The output shows the following folders: QC_analysis ; QC_trimming ; Alignment ; ResistomeAnalysis and Results. In the Results folder there's only one AMR_analytic_matrix.csv file and with every gene it gives the RequiresSNPconfirmation still.

Thanks!

Felipe

EnriqueDoster commented 1 year ago

So, what's in this directory: "/gpfs1/home/f/s/fsantann/AMRplusplus/work/28/7c95439f0584dbcfa2f94fb4e6c4b1"

It's where the S1_test sample was being run with the runsnp process. We should get a better idea of what's going on by looking at those files.

I just tried the demo run again and the snp confirmation seems to work for me. Can you confirm that you got the latest code from AMR++? In case there's an issue with updating certain files, it might be easiest to just erase the whole directory and download a fresh version.

Try that again and let me know what happens.
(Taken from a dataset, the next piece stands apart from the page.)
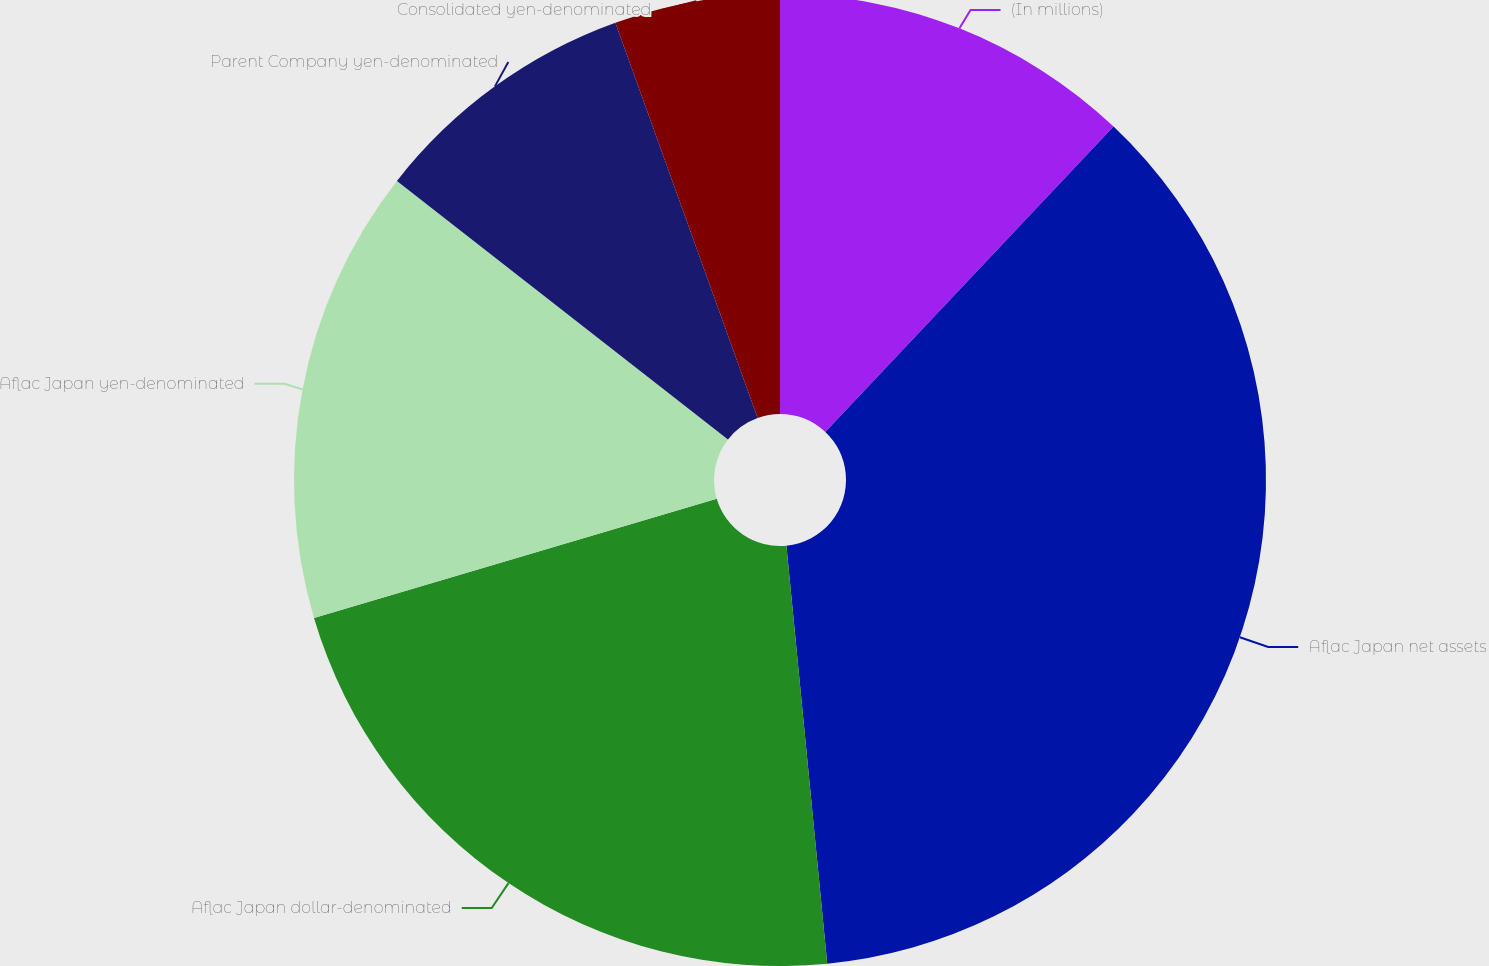Convert chart to OTSL. <chart><loc_0><loc_0><loc_500><loc_500><pie_chart><fcel>(In millions)<fcel>Aflac Japan net assets<fcel>Aflac Japan dollar-denominated<fcel>Aflac Japan yen-denominated<fcel>Parent Company yen-denominated<fcel>Consolidated yen-denominated<nl><fcel>12.04%<fcel>36.41%<fcel>21.97%<fcel>15.13%<fcel>8.95%<fcel>5.5%<nl></chart> 
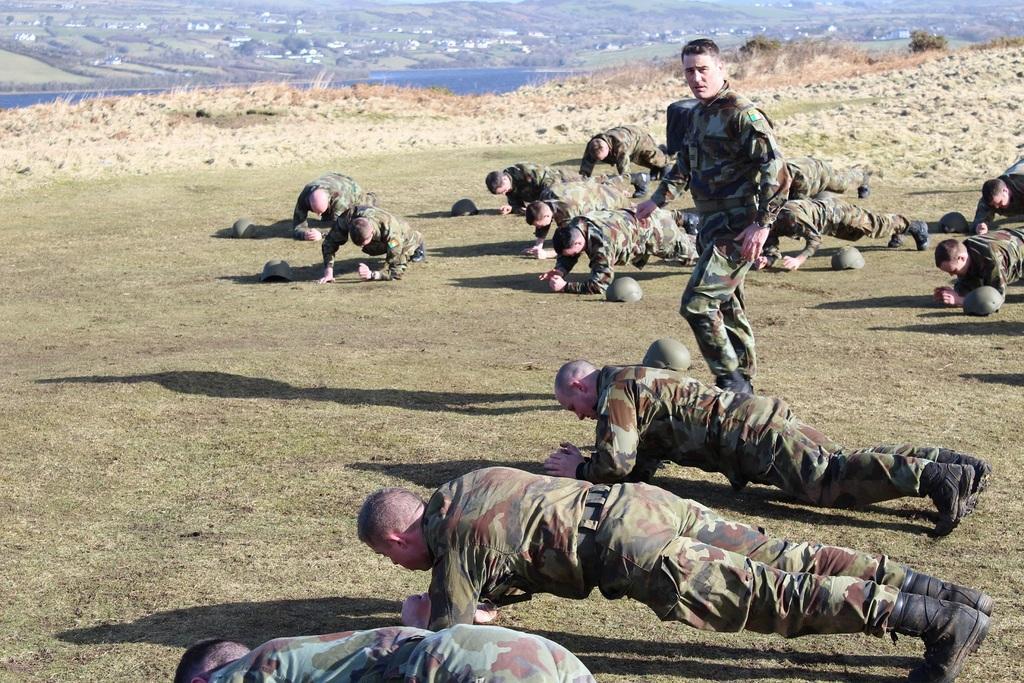How would you summarize this image in a sentence or two? In this picture there are group of people exercising and there is a man walking. At the back there are buildings and trees and there is water. At the bottom there are plants and there are helmets and there's grass on the ground.

EnriqueDoster commented 1 year ago

Another thought, if you made the conda environment a while back you might run into dependencies issues with the SNP software. New to this update, it now needs pysam and biopython which weren't in the previous conda environment file.

If you check the .command.log file in the temporary working directory, you might see that it says you are missing those modules. If so, install them to your conda environment and try again. less /gpfs1/home/f/s/fsantann/AMRplusplus/work/28/7c95439f0584dbcfa2f94fb4e6c4b1/.command.sh

felipemachado85 commented 1 year ago

Hello Enrique,

Everything seems to be working now!

I've cloned a new fresh version from the repository and reinstalled the environment.

Thank you so much for your support!

Felipe

EnriqueDoster commented 1 year ago

Awesome, glad to hear it!

Thanks for your help in improving AMR++!